11 "Als schuldig aan mensenhandel wordt met gevangenisstraf van ten hoogste zes jaren of geldboete van de vijfde categorie gestraft: 1. degene die een ander door dwang, geweld of een andere feitelijkheid of door dreiging met geweld of een andere feitelijkheid, door afpersing, fraude, misleiding dan wel door misbruik van uit feitelijke omstandigheden voortvloeiend overwicht, door misbruik van een kwetsbare positie of door het geven of ontvangen van betalingen of voordelen om de instemming van een persoon te verkrijgen die zeggenschap over die ander heeft, werft, vervoert, overbrengt, huisvest of opneemt, met het oogmerk van uitbuiting van die ander of de verwijdering van diens organen." 3. Vreemdelingenwet Artikel 8 "De vreemdeling heeft in Nederland uitsluitend rechtmatig verblijf ( ) k. gedurende de periode waarin de vreemdeling door Onze Minister in de gelegenheid wordt gesteld aangifte te doen van overtreding van artikel 273f van het Wetboek van Strafrecht; ( )" Artikel 11 "1. De aanspraken van de vreemdeling die rechtmatig verblijf heeft zijn in overeenstemming met de aard van het verblijf.
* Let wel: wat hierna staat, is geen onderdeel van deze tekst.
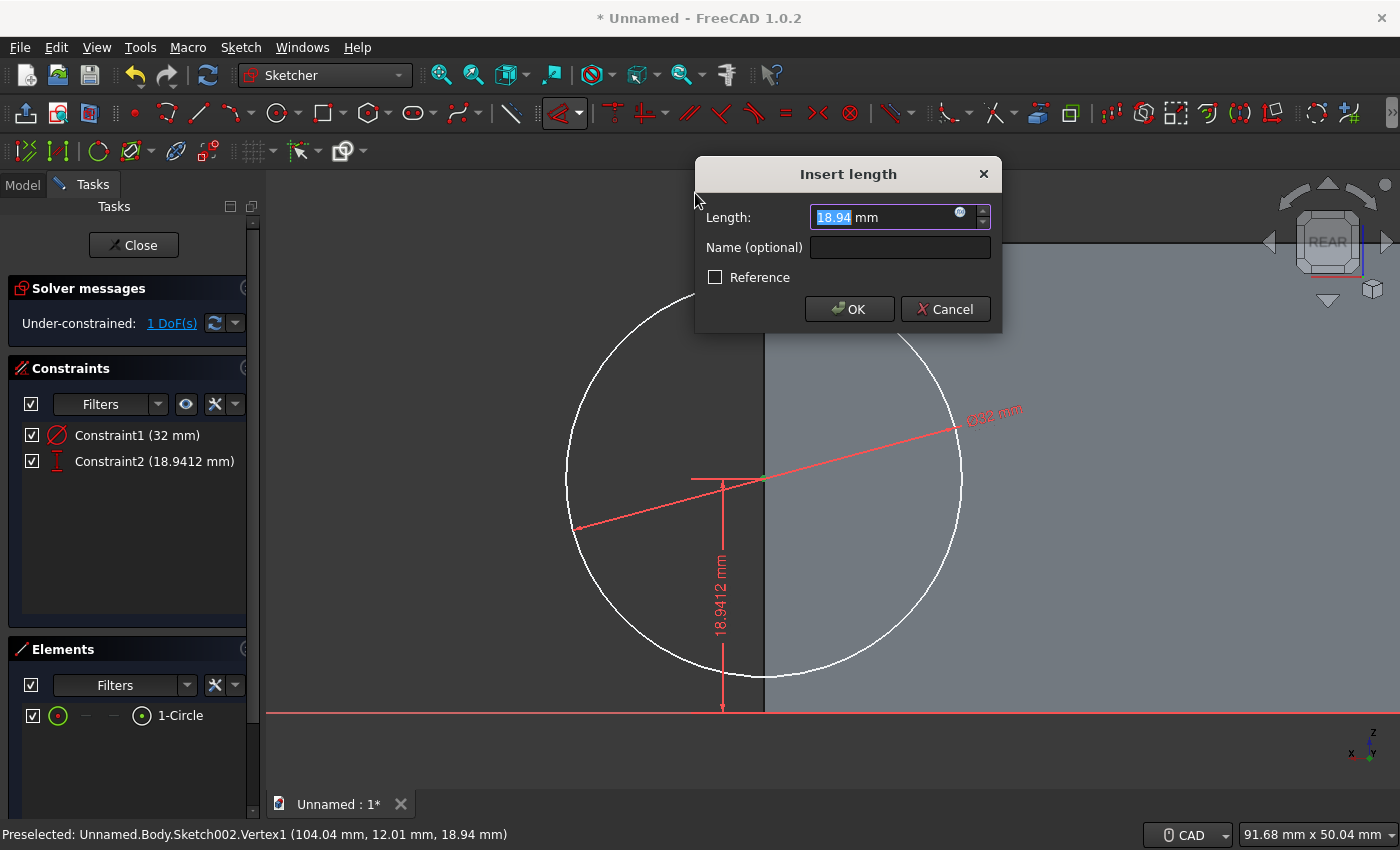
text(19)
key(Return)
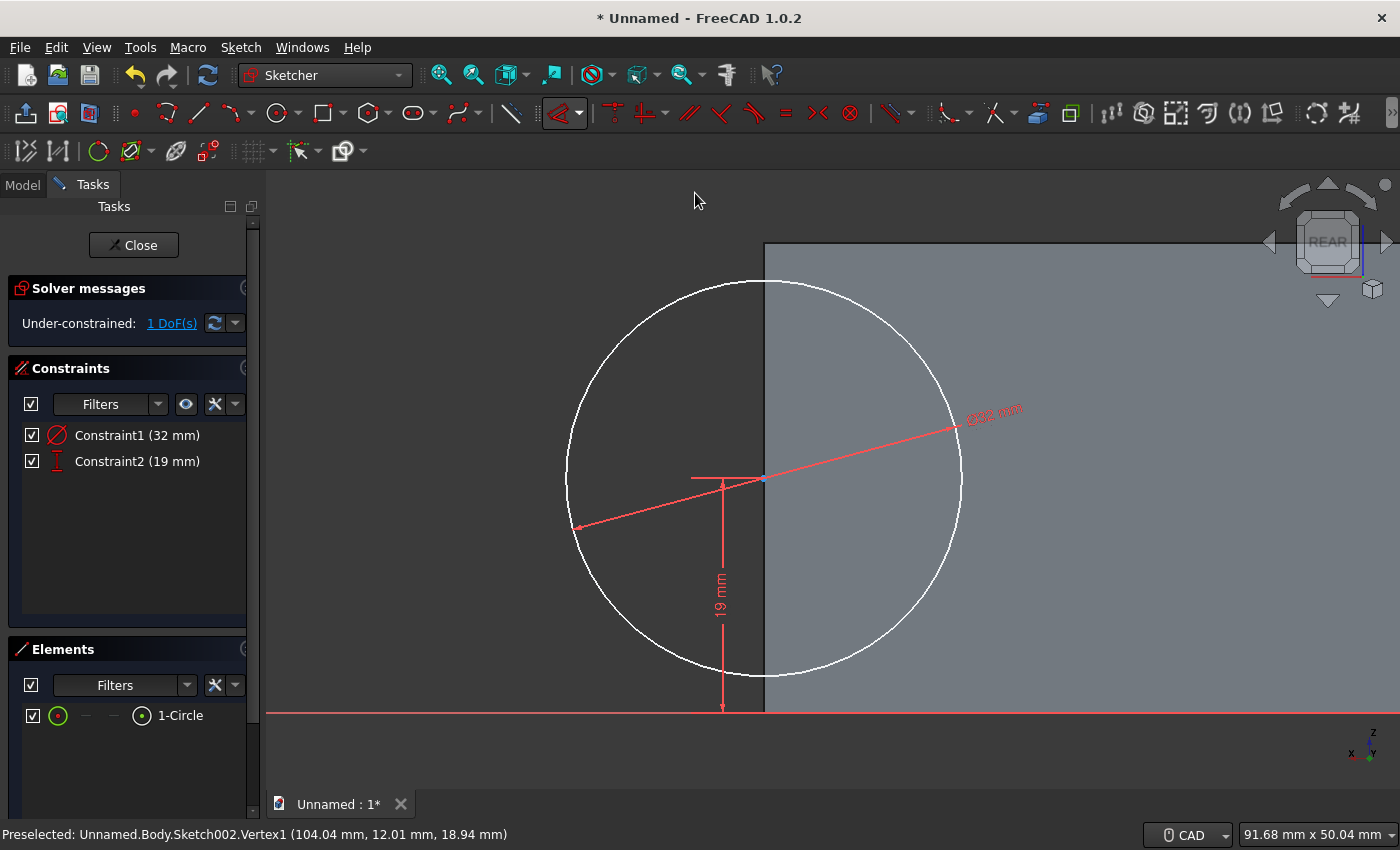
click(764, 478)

Tenzij bij of krachtens het wettelijk voorschrift waarop de aanspraak is gegrond anders is bepaald, is daarbij het tweede lid van toepassing. 2. De vreemdeling, bedoeld in het eerste lid, kan aanspraken maken op voorzieningen, verstrekkingen en uitkeringen, indien hij ( ) c. rechtmatig verblijf heeft, als bedoeld in artikel 8, onder i tot en met k, voor de aanspraken die uitdrukkelijk aan deze vreemdelingen zijn toegekend." 4. Wetboek van Strafvordering Artikel 163 "1. De aangifte van eenig strafbaar feit geschiedt mondeling of schriftelijk bij den bevoegden ambtenaar, hetzij door den aangever in persoon, hetzij door een ander, daartoe door hem van een bijzondere schriftelijke volmacht voorzien. 2. De mondelinge aangifte wordt door den ambtenaar die haar ontvangt, in geschrifte gesteld en na voorlezing door hem met den aangever of diens gemachtigde onderteekend. Indien deze niet kan teekenen, wordt de reden van het beletsel vermeld.

12 3. De schriftelijke aangifte wordt door den aangever of diens gemachtigde onderteekend. (...) 5. Tot het ontvangen van de aangiften bedoeld in de artikelen 160 en 161, zijn de opsporingsambtenaren (...) verplicht."